GIVEN RECORDS START

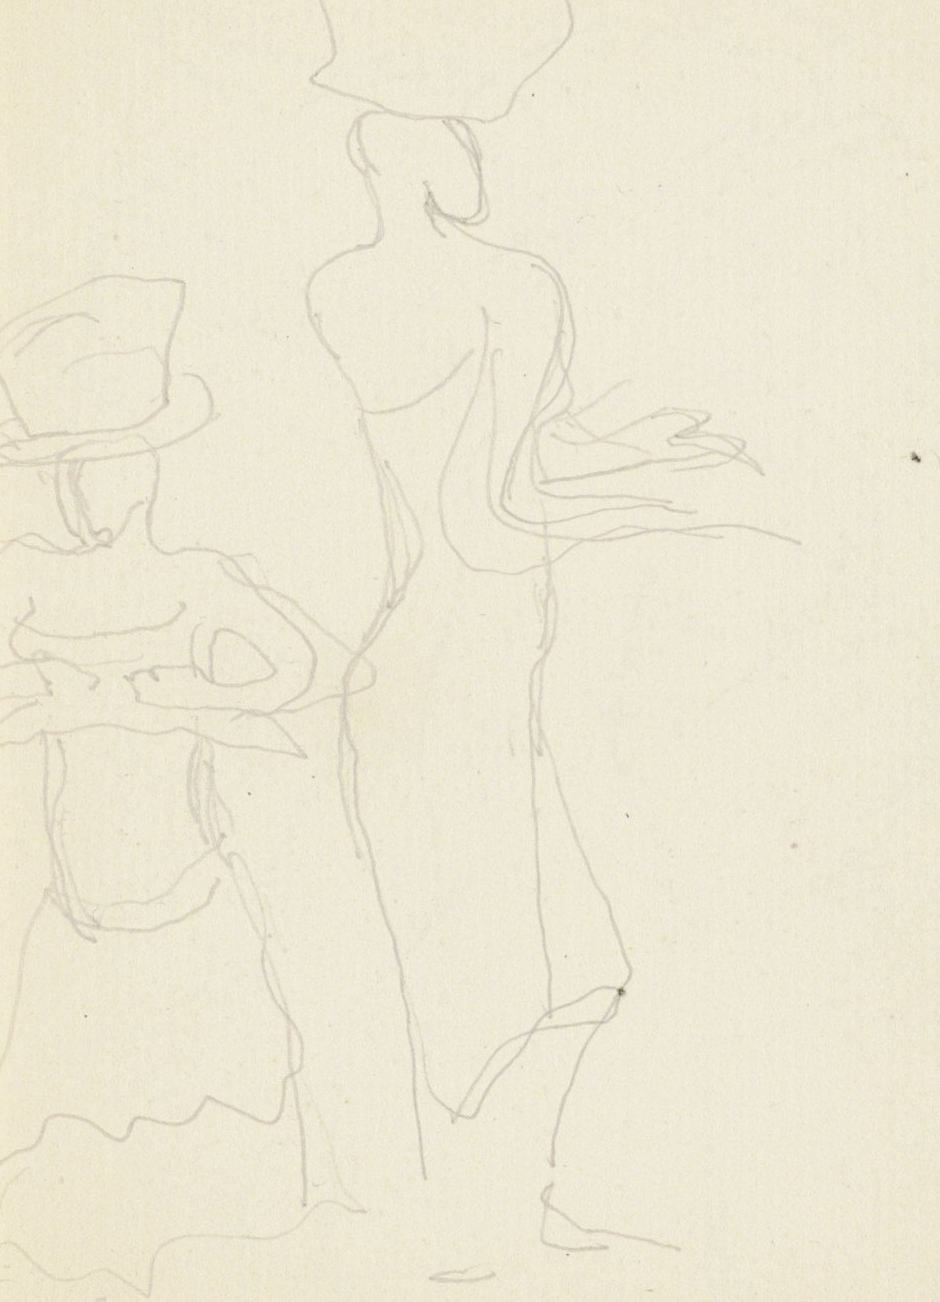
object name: sketchbook leaf
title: Twee Afrikaanse vrouwen die lasten op het hoofd dragen
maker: reijer stolk
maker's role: draughtsman, print maker
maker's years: 1896-1945
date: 1916-1945
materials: paper, pencil
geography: africa
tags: africans, carrying something on the head or on the shoulders
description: Blad 18 recto uit een schetsboek met 60 bladen.

GIVEN RECORDS END

WORK INSTRUCTION:
Copy each line of the records precisely and drop any images they hold.

SOLUTION FOR THIS EXERCISE:
object name: sketchbook leaf
title: Twee Afrikaanse vrouwen die lasten op het hoofd dragen
maker: reijer stolk
maker's role: draughtsman, print maker
maker's years: 1896-1945
date: 1916-1945
materials: paper, pencil
geography: africa
tags: africans, carrying something on the head or on the shoulders
description: Blad 18 recto uit een schetsboek met 60 bladen.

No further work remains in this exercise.